The BLOM Lebanon Purchasing Managers’ Index (PMI) rose from 46.2 in October 2018 to 46.7 in November 2018, on account of slower declines in output and new orders since February. Accordingly, the implied GDP-growth would still stand at 1%, a rate likely to be the growth for the full year 2018.
Fiscal pressure remains a major unaddressed vulnerability. Out of the government’s primary expenditures, which reached $4.17B in the period Jan-April 2018, EDL transfers represented a share of 12.5% of the total compared to a share of 11.8% by April 2017. According to the Ministry of Finance, transfers to EDL, the state-owned electricity company, rose by an annual 44% to reach $521.73M by April 2018. It is worth mentioning that this year an amount of $12.67M was paid as “Transfers to Electricity Syria”.
Lebanon’s Gross Public Debt is still assuming an upward trajectory. According to the Ministry of Finance (MoF), Lebanon’s gross public debt reached $83.84B by Q3 2018, inching up by a yearly 7.28% over the period, owing to increases in both, local and foreign currency debt. Accordingly, the debt to GDP ratio now stands at 148%. In details, local currency debt (denominated in LBP) grasped a stake of 57.76% of total gross debt and recorded an annual 0.21% uptick to stand at $48.43B by Sept. 2018. Meanwhile, foreign currency debt rose by a yearly 18.74% to settle at $35.41B, equivalent to 42.24% of Lebanon’s gross debt.

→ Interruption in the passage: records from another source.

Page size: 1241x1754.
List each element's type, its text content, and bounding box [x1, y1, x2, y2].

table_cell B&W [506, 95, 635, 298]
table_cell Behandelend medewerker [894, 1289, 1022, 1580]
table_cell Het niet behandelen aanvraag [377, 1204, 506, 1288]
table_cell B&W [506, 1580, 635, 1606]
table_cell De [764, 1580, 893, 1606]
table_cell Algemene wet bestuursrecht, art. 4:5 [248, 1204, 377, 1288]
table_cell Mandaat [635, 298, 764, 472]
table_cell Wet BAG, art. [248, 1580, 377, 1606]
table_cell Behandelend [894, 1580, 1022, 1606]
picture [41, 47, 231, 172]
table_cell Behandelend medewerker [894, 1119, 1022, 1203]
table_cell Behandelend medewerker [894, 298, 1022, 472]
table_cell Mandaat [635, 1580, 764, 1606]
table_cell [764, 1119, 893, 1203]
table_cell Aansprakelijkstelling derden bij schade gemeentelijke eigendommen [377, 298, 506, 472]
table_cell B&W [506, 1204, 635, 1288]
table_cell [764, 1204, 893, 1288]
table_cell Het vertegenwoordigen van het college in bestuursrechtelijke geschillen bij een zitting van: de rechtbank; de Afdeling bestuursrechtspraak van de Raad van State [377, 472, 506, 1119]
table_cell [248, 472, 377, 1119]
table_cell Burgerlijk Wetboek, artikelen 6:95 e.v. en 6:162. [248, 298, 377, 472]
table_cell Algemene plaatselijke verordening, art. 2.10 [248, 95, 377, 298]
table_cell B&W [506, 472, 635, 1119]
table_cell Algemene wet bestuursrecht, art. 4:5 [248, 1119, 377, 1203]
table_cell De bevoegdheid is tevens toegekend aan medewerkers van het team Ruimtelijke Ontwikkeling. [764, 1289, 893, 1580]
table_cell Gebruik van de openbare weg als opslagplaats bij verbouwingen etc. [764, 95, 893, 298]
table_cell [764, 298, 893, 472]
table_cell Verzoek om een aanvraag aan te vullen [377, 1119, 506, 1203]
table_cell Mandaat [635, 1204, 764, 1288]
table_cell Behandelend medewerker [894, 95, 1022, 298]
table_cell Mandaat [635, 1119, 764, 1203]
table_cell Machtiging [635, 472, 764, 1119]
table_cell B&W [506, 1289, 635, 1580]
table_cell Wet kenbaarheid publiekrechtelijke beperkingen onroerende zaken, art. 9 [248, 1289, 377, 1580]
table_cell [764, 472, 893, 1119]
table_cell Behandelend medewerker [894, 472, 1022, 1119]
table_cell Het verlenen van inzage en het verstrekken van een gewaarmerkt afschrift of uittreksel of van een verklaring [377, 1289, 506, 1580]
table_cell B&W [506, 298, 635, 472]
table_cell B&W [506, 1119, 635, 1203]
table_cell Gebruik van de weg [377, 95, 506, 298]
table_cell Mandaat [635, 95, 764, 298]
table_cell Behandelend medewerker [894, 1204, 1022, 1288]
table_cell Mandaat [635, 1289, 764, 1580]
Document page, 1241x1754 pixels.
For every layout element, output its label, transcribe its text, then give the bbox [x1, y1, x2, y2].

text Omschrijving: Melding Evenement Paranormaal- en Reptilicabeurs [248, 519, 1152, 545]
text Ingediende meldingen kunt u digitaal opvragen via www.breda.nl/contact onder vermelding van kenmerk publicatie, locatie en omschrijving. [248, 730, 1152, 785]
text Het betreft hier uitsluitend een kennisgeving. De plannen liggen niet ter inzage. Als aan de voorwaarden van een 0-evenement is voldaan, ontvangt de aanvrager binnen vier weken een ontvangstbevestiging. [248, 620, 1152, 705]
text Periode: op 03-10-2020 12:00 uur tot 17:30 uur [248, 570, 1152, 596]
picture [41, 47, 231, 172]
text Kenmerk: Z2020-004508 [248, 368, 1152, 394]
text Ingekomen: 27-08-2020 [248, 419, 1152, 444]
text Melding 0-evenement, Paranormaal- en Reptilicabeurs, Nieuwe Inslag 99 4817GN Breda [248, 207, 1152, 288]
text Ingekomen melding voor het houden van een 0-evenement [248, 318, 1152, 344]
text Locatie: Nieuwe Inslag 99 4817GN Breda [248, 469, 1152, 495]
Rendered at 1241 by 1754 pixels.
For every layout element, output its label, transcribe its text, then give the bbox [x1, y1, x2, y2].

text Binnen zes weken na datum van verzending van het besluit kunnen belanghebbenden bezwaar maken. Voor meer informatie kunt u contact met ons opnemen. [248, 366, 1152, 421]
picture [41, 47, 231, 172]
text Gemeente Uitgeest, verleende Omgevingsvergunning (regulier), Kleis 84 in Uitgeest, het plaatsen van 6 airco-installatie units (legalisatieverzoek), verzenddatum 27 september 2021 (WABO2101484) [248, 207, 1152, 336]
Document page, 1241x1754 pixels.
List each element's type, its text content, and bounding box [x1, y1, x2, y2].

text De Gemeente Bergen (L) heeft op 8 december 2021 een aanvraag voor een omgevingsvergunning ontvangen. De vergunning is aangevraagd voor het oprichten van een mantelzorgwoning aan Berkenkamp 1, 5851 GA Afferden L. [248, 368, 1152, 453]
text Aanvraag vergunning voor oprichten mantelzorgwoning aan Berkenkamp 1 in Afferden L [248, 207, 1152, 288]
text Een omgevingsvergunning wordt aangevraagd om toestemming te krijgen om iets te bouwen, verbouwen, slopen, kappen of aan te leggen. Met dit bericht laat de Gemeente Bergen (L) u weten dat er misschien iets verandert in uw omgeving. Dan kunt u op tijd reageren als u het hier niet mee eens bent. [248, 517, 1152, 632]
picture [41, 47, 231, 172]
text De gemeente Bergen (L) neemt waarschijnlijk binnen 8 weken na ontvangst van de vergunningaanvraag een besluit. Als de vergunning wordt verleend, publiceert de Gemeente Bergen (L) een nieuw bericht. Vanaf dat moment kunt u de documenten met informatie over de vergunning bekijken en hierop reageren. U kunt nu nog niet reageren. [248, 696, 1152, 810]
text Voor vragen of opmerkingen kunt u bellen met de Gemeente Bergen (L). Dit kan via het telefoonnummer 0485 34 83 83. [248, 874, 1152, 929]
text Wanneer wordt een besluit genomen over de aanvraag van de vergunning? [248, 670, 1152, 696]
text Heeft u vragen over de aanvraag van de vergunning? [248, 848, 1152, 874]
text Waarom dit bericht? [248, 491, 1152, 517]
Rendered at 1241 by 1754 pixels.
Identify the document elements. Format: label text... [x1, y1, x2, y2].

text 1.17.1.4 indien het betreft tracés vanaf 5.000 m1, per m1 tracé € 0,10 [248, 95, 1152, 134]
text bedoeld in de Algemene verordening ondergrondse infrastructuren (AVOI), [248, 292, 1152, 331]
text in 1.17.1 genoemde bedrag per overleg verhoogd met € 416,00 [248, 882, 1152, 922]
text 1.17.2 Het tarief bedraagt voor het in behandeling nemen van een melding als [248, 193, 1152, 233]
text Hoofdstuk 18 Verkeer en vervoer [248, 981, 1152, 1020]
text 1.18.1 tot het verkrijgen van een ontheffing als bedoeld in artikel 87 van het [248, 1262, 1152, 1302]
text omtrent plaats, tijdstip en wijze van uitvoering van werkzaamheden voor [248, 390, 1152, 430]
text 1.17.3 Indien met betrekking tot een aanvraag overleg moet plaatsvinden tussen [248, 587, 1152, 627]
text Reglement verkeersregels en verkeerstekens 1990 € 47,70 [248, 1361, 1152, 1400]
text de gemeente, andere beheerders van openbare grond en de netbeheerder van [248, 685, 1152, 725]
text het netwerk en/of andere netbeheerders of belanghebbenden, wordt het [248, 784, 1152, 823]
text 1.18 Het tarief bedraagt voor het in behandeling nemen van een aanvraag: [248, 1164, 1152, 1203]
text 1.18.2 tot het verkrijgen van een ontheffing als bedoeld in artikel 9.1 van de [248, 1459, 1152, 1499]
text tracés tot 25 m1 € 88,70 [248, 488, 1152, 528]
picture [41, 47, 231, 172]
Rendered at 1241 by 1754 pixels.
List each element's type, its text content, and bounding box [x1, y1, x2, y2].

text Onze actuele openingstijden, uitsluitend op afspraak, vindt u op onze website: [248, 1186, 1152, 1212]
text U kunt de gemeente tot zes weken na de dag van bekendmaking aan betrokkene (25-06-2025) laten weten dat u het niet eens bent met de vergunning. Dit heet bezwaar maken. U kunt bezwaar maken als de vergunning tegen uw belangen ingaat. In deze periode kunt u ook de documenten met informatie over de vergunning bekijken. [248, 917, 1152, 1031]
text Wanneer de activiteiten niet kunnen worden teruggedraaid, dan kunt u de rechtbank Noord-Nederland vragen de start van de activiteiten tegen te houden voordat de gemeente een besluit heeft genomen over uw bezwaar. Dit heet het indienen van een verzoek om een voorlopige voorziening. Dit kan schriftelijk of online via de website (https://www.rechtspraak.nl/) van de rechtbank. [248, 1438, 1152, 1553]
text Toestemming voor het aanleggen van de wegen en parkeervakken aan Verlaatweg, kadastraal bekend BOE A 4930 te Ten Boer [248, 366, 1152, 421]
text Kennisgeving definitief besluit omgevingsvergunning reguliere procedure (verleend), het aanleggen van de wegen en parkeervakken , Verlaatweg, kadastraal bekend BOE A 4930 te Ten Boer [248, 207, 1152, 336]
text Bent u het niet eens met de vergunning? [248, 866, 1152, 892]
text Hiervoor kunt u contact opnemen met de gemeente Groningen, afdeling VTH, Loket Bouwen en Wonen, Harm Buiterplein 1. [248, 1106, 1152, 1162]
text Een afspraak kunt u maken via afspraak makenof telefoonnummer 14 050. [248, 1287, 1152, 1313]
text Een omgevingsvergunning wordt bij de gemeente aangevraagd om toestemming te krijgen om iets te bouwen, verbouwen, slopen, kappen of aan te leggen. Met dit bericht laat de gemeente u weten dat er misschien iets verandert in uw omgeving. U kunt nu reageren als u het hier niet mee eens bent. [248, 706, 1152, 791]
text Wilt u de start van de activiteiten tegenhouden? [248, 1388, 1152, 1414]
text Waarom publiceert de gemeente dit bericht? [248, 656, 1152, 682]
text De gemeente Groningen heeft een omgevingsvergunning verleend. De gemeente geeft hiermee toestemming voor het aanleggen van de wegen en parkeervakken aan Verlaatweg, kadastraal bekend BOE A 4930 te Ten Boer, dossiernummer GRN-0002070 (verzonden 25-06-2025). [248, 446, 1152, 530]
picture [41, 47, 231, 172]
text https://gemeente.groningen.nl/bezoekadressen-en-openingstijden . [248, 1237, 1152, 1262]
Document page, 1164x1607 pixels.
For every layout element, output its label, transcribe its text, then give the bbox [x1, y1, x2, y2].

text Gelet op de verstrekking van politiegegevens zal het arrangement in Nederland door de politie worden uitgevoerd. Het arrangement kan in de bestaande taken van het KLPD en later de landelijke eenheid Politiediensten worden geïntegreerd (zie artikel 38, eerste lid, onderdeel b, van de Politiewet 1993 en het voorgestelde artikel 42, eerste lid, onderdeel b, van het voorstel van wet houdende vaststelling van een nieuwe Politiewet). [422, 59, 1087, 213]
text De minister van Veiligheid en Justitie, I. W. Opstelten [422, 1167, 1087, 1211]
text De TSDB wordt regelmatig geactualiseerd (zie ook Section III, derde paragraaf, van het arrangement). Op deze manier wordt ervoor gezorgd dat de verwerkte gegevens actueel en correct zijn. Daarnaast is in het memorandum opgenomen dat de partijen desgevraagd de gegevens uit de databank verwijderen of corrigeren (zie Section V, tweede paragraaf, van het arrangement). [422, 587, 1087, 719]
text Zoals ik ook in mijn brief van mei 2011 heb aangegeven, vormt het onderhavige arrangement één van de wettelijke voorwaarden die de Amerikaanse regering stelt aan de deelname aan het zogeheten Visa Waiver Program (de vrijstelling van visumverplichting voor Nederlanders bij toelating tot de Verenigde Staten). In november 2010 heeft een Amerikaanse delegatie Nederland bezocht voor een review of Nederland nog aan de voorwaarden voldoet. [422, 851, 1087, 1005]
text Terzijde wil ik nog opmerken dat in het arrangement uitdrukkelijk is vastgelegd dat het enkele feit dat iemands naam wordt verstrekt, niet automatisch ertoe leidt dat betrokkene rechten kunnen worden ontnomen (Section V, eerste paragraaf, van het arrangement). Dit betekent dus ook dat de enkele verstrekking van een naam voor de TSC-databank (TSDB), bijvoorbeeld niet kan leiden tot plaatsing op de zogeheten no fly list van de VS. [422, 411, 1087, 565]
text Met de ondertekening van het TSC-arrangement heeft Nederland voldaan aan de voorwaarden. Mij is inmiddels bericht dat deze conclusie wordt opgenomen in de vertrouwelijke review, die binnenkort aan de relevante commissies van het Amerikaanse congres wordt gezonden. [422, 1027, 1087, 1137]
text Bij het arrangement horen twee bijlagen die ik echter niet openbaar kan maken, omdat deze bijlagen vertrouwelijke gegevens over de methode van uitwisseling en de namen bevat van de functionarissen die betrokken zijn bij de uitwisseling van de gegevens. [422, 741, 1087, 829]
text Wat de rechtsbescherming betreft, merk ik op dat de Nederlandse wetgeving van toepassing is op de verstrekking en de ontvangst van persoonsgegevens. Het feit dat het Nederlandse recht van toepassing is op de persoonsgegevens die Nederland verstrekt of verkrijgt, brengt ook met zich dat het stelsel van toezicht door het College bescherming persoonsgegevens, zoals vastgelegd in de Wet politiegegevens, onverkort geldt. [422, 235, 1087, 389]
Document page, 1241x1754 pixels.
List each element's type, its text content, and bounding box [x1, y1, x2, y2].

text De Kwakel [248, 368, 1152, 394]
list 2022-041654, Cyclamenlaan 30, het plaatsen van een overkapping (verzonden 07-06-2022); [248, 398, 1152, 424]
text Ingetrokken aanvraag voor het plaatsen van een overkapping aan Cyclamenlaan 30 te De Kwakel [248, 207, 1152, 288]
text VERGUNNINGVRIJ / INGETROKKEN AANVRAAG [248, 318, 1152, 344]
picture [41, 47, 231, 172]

Inflation is still rising due to higher energy prices. According to the Central Administration of Statistics (CAS), consumer prices in Lebanon grew by 6.31% in the first 10 months of 2018 since the average Consumer Price Index (CPI) reached 106.28 by October 2018. In details, the average costs of “Housing and utilities” (water, electricity, gas and other fuels) constituting a combined 28.4% of the CPI, rose by 7.08% year-on-year (y-o-y) by October 2018. In turn, the average prices for “Food and non-alcoholic beverages”(constituting 20% of the CPI) and “Transportation” ( grasping 13.1% of the CPI), registered yearly upticks of 4.90% and 8.81% by October 2018.
The deficit in the balance of payments widened by October 2018. According to the Central Bank of Lebanon, the balance of payments recorded a deficit of $3.12B by October compared to a deficit of $1B by the same period last year. In fact, the NFAs of the Central Bank increased by $1.19B and the NFAs of commercial banks slid by $4.32B over the same period. However, when we adopt the IMF’s way of computing the Balance of Payments (BOP) by not including the Eurobonds held by BDL into its foreign assets, the BOP deficit becomes $5.62B by October 2018.
Amidst these tough operating conditions, banks are still counting on their loyal depositor base. According to the Central Bank of Lebanon, resident customers’ deposits witnessed an increase of 1.04% y-t-d to reach $134.62B by October 2018. Non-resident customers’ deposits also witnessed an increase of 6.64% since the beginning of the year to $37.49B .this was mainly due to the increase in both, deposits in foreign currencies and in LBP by 6.68% and 6.33% respectively to $32.95B and $4.54B respectively.